EXERCISE DETAILS: Copy out each line of the data that holds the word "This".

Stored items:

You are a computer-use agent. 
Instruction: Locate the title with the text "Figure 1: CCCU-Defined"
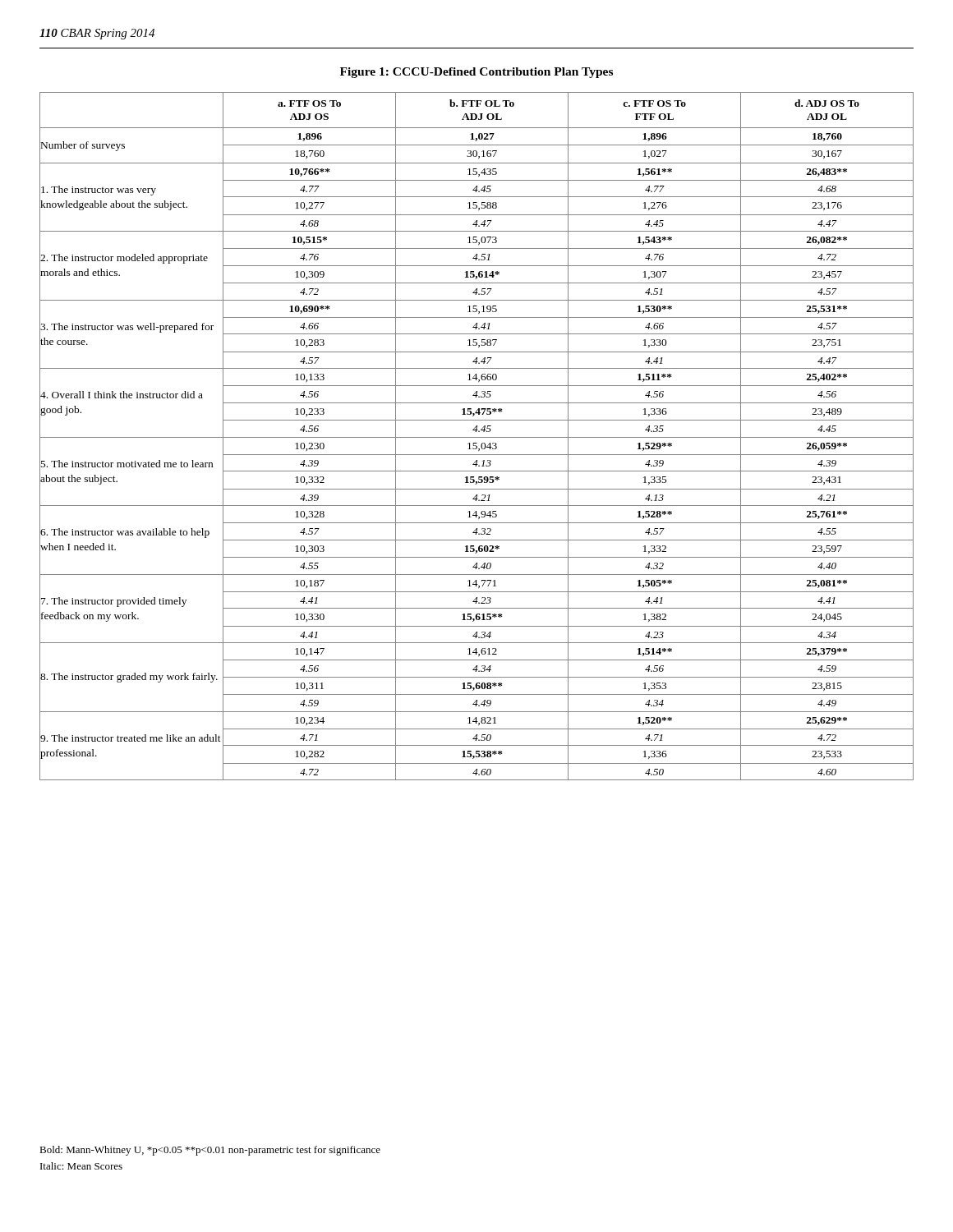point(476,71)
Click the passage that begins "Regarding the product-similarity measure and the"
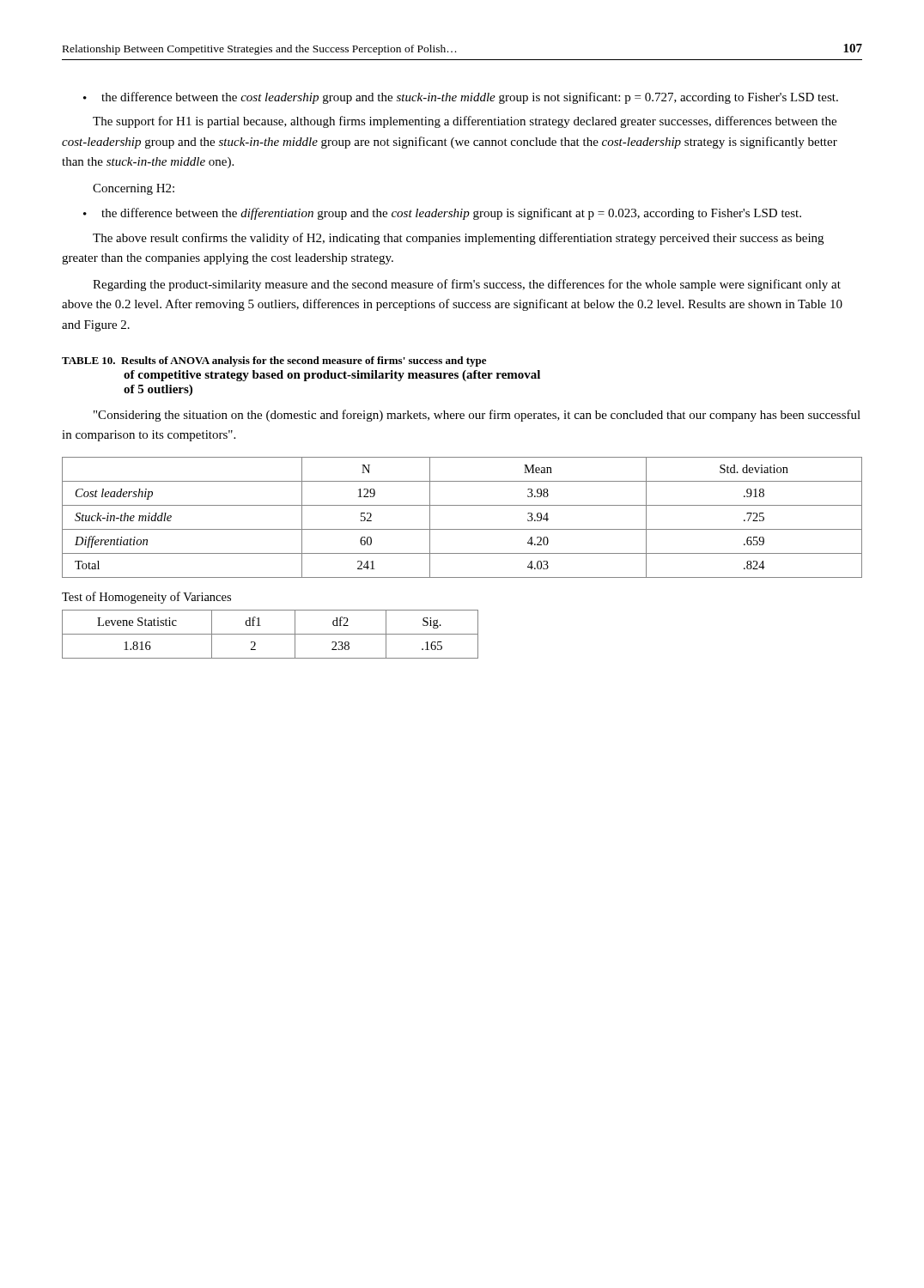Image resolution: width=924 pixels, height=1288 pixels. pos(452,304)
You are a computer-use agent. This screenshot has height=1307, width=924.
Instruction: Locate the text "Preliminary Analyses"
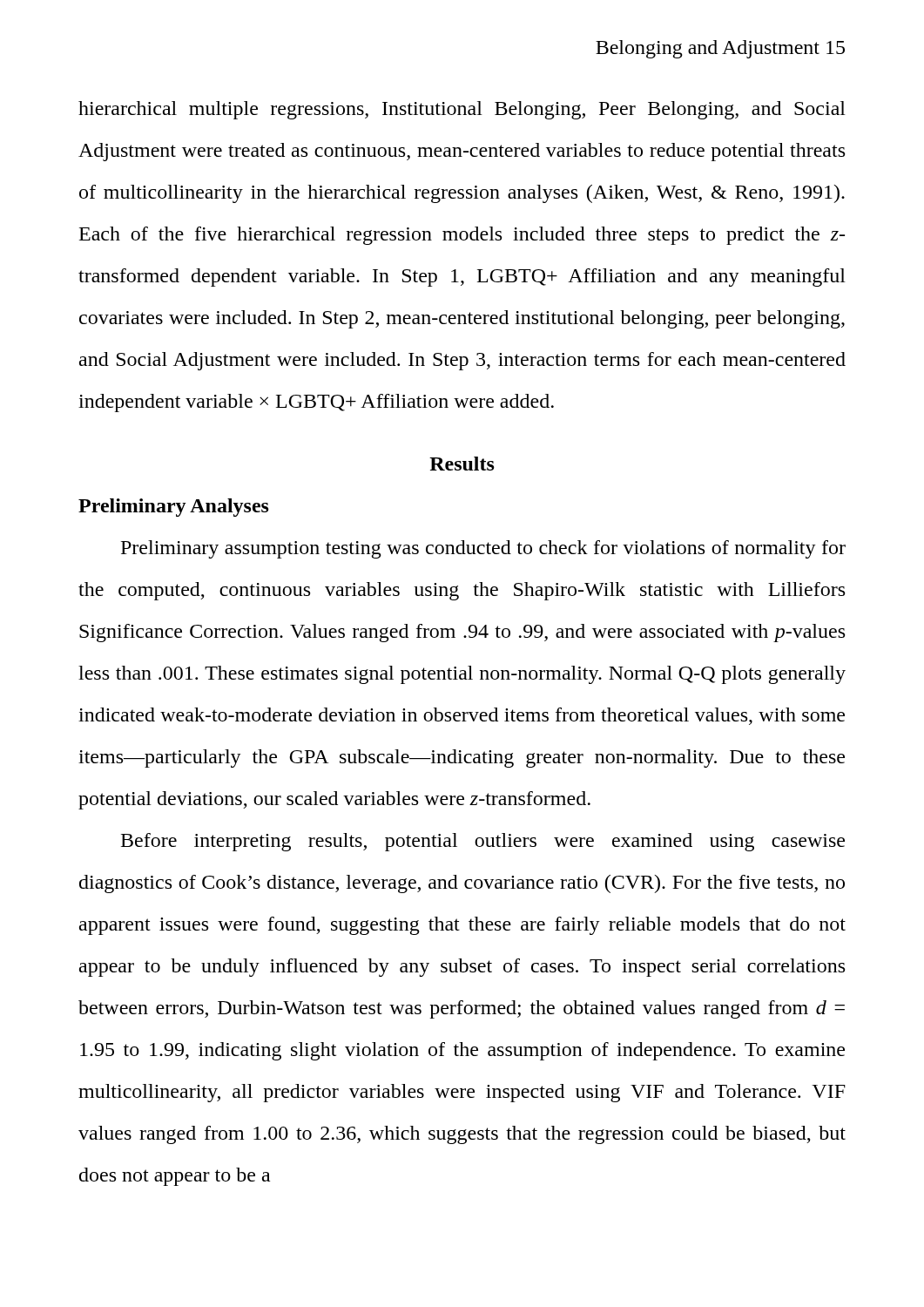pos(174,505)
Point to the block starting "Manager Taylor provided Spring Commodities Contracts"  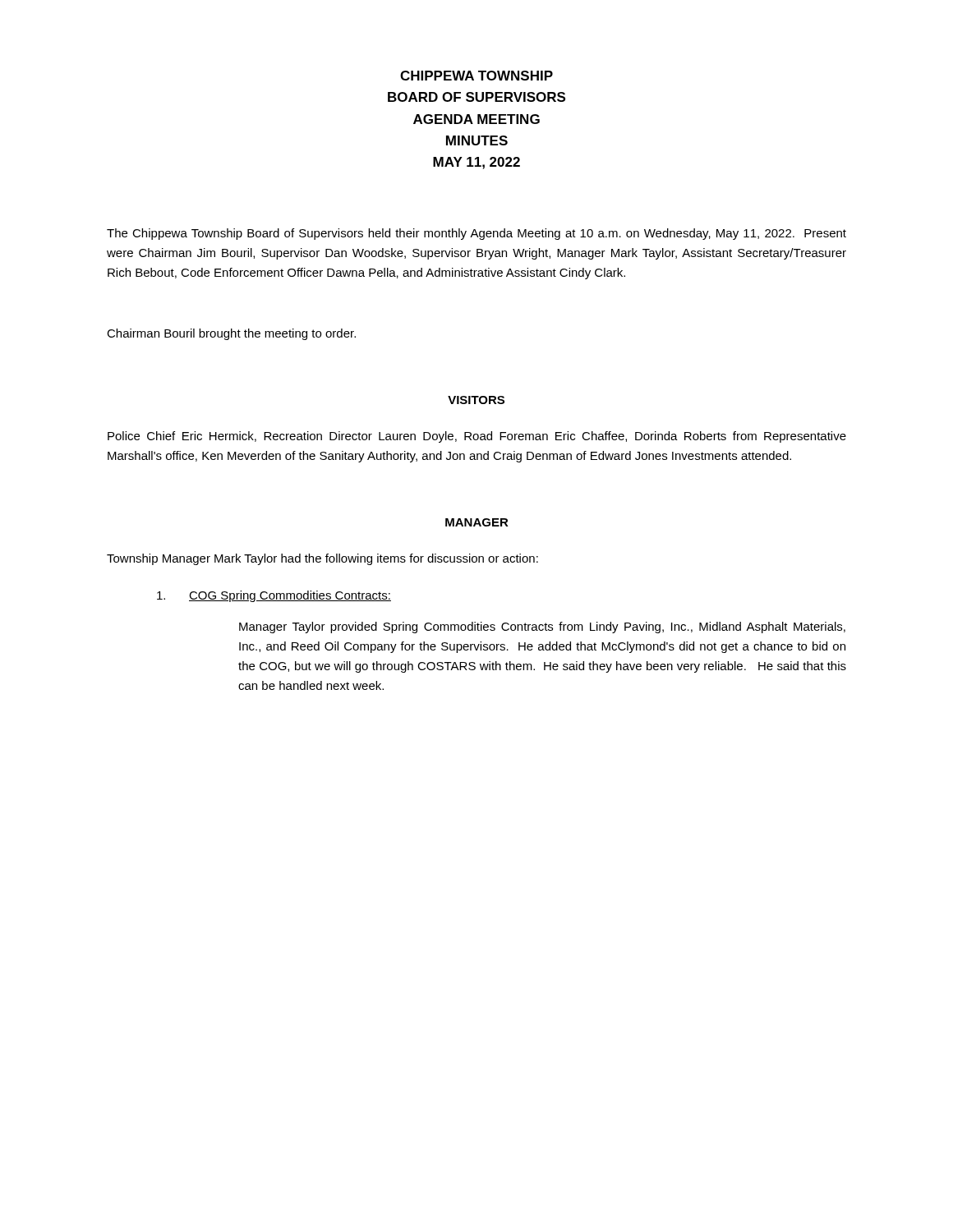point(542,656)
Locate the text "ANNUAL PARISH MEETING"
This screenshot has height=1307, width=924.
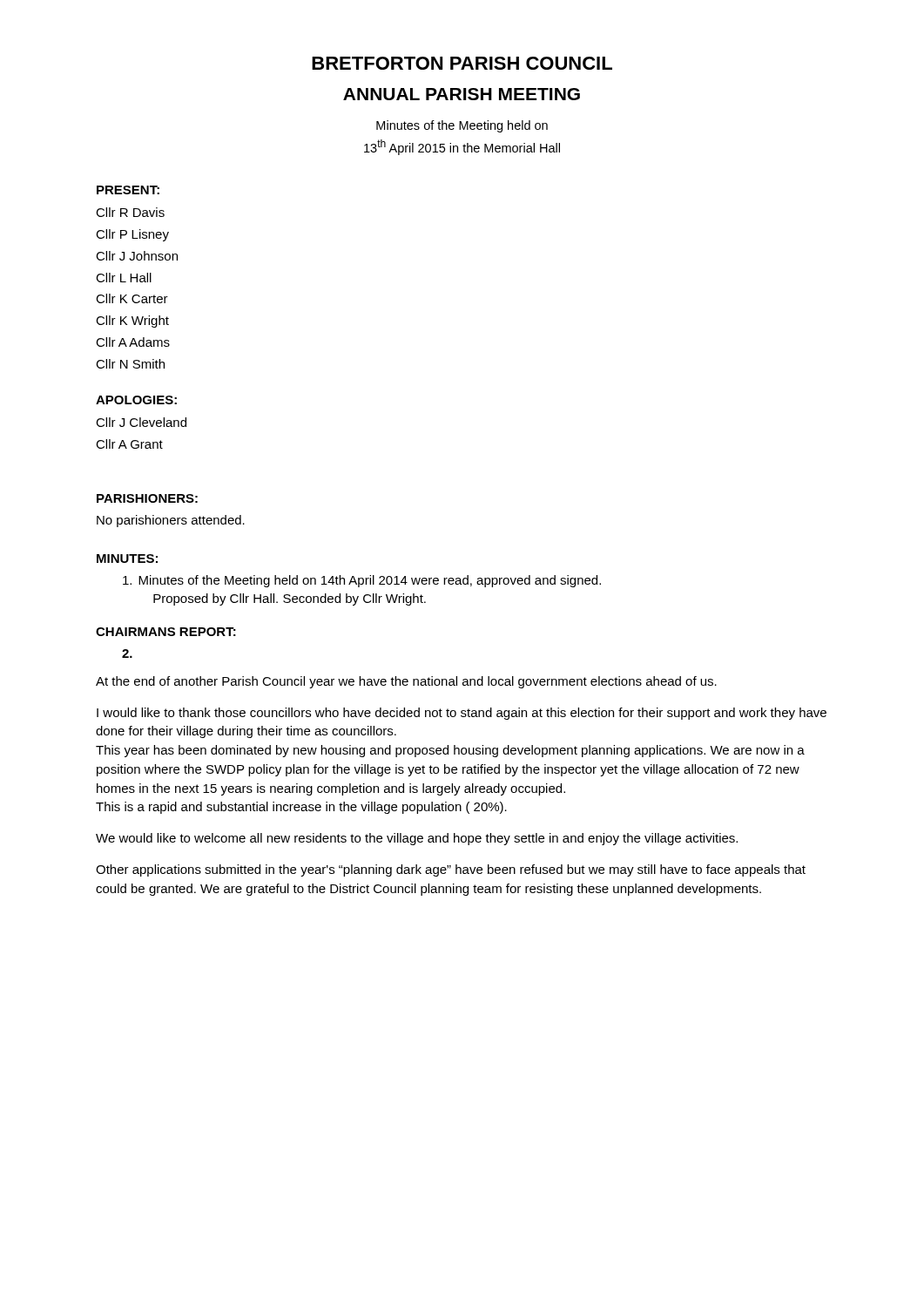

WRITTEN SOLUTION:
You are a computer-use agent. This screenshot has height=1307, width=924.
This screenshot has height=1307, width=924.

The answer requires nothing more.